• Exercise input:
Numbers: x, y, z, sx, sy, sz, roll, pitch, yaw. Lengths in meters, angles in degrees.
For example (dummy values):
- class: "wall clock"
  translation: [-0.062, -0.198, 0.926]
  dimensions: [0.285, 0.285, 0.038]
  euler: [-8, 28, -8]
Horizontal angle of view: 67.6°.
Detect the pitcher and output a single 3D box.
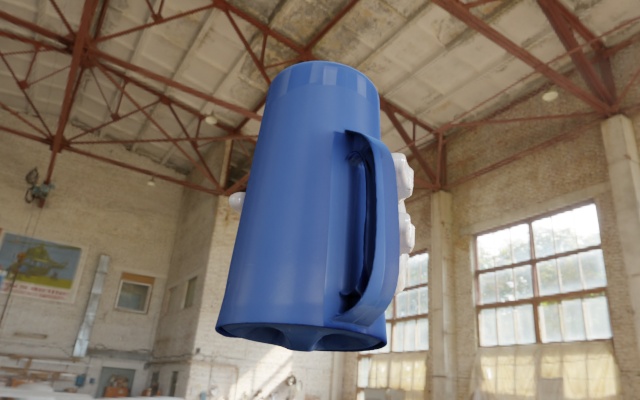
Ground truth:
- class: "pitcher"
  translation: [0.000, 0.001, 0.409]
  dimensions: [0.149, 0.242, 0.145]
  euler: [-2, -24, 15]
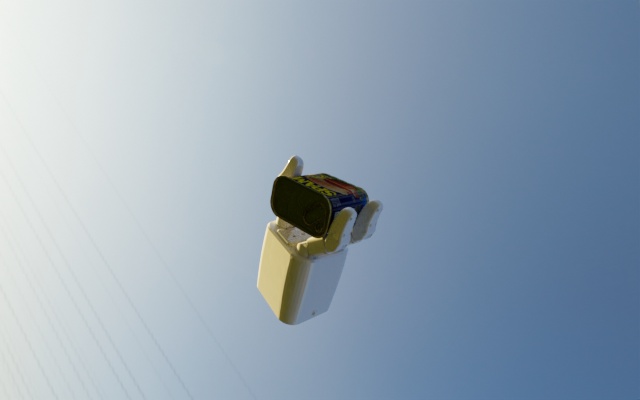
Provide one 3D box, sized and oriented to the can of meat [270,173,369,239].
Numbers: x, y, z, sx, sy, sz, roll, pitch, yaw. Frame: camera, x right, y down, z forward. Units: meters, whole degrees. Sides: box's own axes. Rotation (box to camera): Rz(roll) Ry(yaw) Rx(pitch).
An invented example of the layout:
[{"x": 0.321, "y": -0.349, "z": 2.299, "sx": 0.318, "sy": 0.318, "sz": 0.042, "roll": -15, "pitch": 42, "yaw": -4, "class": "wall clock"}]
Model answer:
[{"x": 0.000, "y": 0.002, "z": 0.624, "sx": 0.102, "sy": 0.057, "sz": 0.084, "roll": 26, "pitch": 24, "yaw": 36, "class": "can of meat"}]
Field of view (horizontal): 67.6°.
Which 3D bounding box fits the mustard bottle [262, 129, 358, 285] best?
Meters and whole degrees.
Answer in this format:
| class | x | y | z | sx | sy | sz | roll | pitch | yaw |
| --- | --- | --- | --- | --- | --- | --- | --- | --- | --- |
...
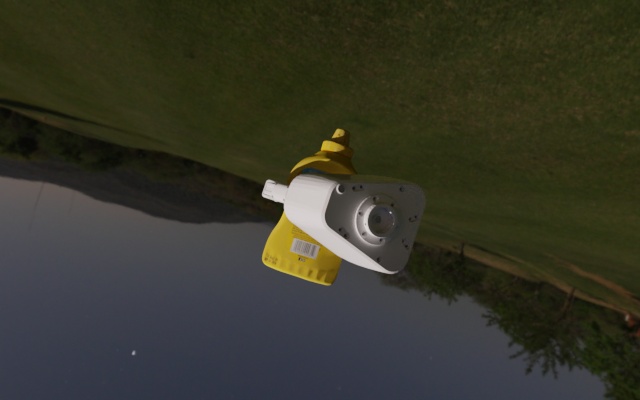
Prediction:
| class | x | y | z | sx | sy | sz | roll | pitch | yaw |
| --- | --- | --- | --- | --- | --- | --- | --- | --- | --- |
| mustard bottle | 0.000 | 0.002 | 0.602 | 0.096 | 0.191 | 0.058 | 18 | -3 | 2 |
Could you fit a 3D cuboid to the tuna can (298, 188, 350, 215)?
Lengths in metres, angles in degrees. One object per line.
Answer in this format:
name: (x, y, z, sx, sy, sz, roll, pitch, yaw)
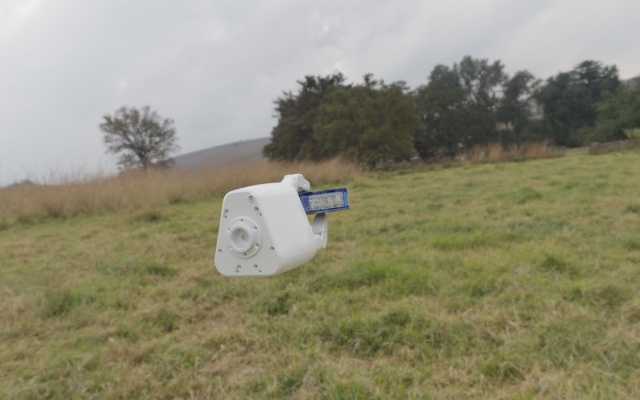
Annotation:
tuna can: (0.000, 0.002, 0.725, 0.086, 0.034, 0.086, -7, -1, 0)
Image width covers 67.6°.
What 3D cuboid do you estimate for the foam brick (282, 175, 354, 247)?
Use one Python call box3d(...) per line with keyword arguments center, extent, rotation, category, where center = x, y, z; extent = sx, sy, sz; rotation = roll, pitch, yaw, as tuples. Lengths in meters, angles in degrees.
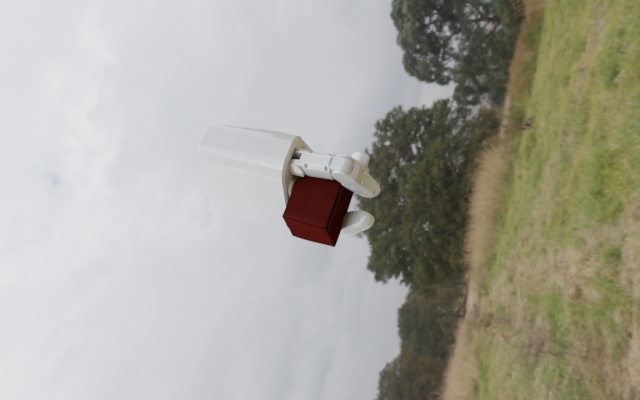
box3d(center=(0.000, 0.002, 0.512), extent=(0.051, 0.078, 0.053), rotation=(13, -24, 16), category="foam brick")
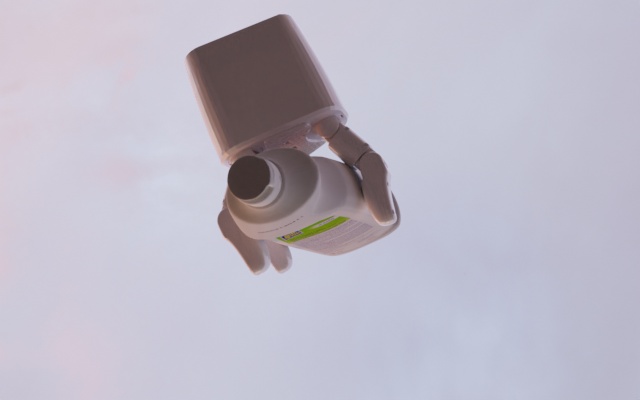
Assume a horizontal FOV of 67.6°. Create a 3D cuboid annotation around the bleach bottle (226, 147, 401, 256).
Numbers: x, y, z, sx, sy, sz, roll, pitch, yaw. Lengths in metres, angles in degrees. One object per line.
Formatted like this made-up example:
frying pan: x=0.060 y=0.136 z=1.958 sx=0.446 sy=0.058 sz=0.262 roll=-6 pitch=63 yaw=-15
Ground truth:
bleach bottle: x=0.000 y=0.001 z=0.405 sx=0.102 sy=0.068 sz=0.251 roll=-27 pitch=-15 yaw=11
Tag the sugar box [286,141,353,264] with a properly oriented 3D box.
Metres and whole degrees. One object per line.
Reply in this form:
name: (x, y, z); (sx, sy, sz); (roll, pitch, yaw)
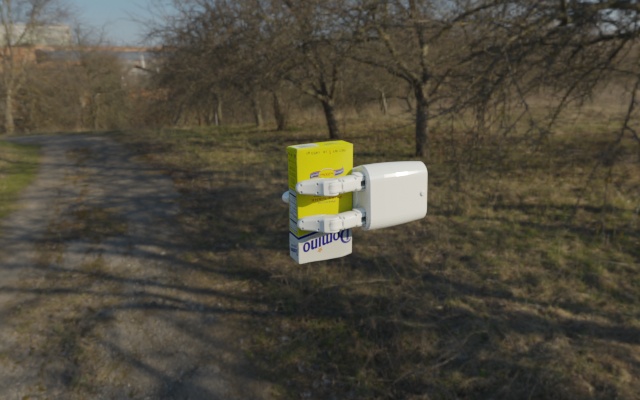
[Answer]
sugar box: (0.000, 0.002, 0.721); (0.093, 0.176, 0.048); (-8, 16, -23)
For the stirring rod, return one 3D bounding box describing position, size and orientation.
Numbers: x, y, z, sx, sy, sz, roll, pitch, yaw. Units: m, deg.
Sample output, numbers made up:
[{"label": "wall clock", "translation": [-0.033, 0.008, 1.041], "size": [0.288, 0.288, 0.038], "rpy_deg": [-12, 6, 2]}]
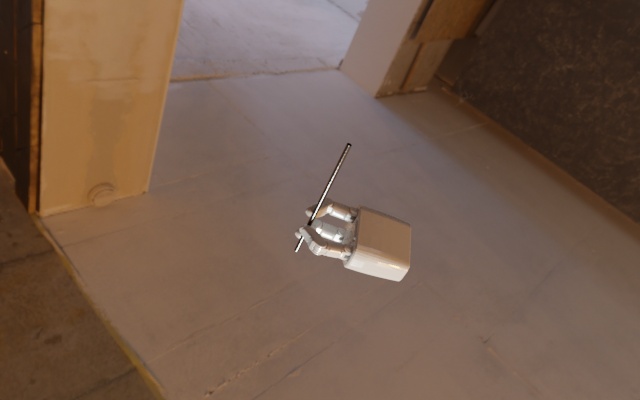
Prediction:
[{"label": "stirring rod", "translation": [0.000, 0.003, 0.793], "size": [0.011, 0.240, 0.011], "rpy_deg": [17, 37, -13]}]
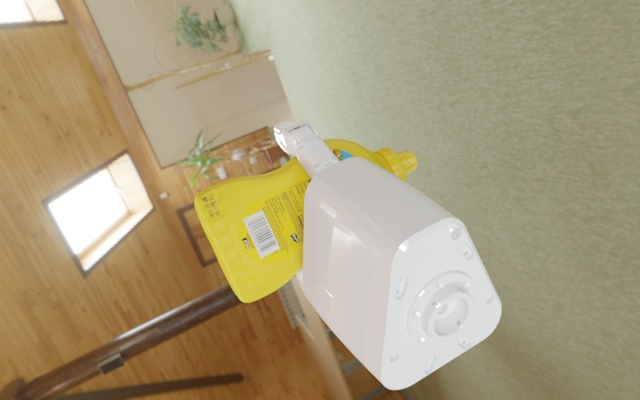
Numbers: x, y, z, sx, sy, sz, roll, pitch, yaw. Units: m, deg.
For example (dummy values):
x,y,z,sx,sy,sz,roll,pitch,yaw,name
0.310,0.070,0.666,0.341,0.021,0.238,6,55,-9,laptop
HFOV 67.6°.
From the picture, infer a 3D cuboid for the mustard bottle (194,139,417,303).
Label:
x,y,z,sx,sy,sz,roll,pitch,yaw,name
0.000,0.001,0.404,0.191,0.096,0.058,-25,6,-16,mustard bottle
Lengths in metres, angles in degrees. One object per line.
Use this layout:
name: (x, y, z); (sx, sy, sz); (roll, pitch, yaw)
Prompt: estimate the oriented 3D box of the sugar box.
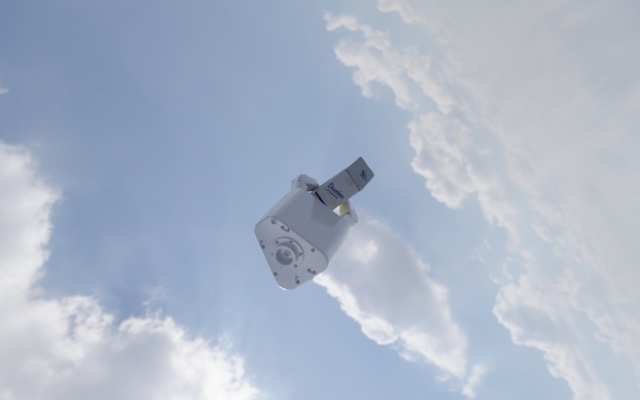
sugar box: (0.000, 0.003, 0.777); (0.176, 0.048, 0.093); (-33, 4, 27)
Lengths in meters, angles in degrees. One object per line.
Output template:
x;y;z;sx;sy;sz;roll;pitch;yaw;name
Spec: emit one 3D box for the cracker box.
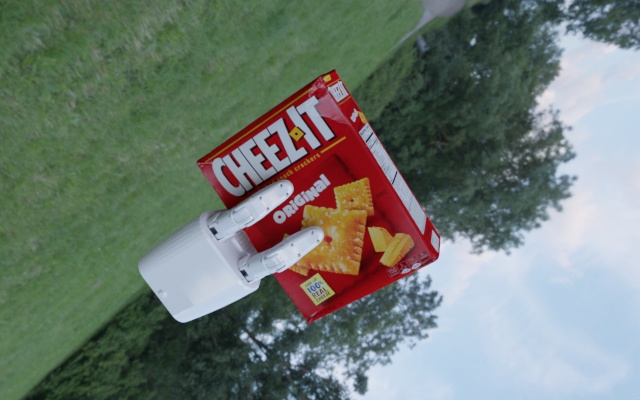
0.000;0.002;0.500;0.164;0.214;0.072;-30;10;22;cracker box
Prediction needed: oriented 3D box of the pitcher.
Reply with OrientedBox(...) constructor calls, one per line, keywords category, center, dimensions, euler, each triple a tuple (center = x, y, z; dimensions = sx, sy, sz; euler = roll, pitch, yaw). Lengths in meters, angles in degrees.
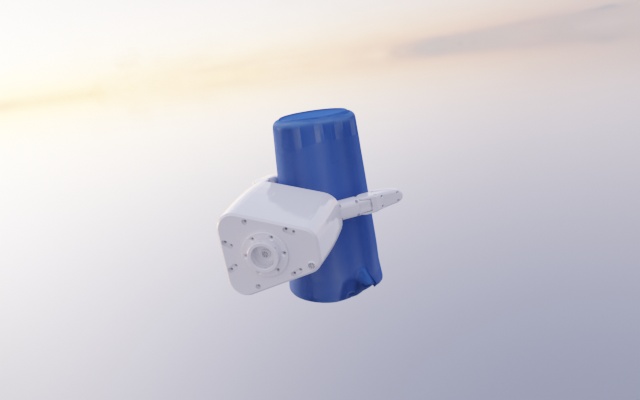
OrientedBox(category="pitcher", center=(0.000, 0.002, 0.653), dimensions=(0.149, 0.243, 0.145), euler=(-4, 17, 14))
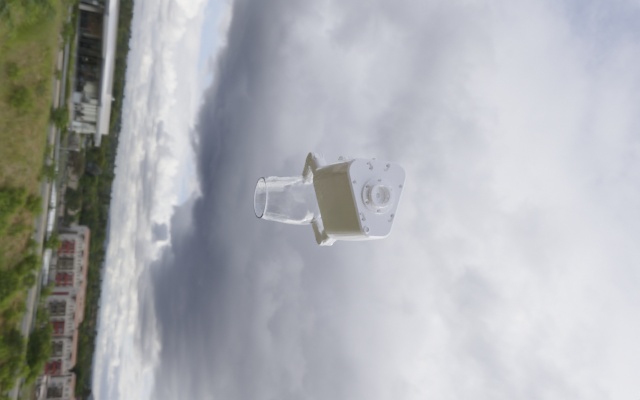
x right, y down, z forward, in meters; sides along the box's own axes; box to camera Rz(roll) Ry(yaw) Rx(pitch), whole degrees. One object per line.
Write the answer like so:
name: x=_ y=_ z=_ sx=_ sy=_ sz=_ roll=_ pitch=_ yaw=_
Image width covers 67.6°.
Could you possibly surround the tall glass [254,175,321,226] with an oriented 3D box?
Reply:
tall glass: x=0.001 y=0.003 z=0.751 sx=0.201 sy=0.079 sz=0.079 roll=4 pitch=-2 yaw=-24

• Exercise details:
Every line in the records above that contains the word "this" should be copied out.

• Answer:
Answer in this format:
Answer in this format:
Formatted like this made-up example:
Reply in this form:
Use this layout:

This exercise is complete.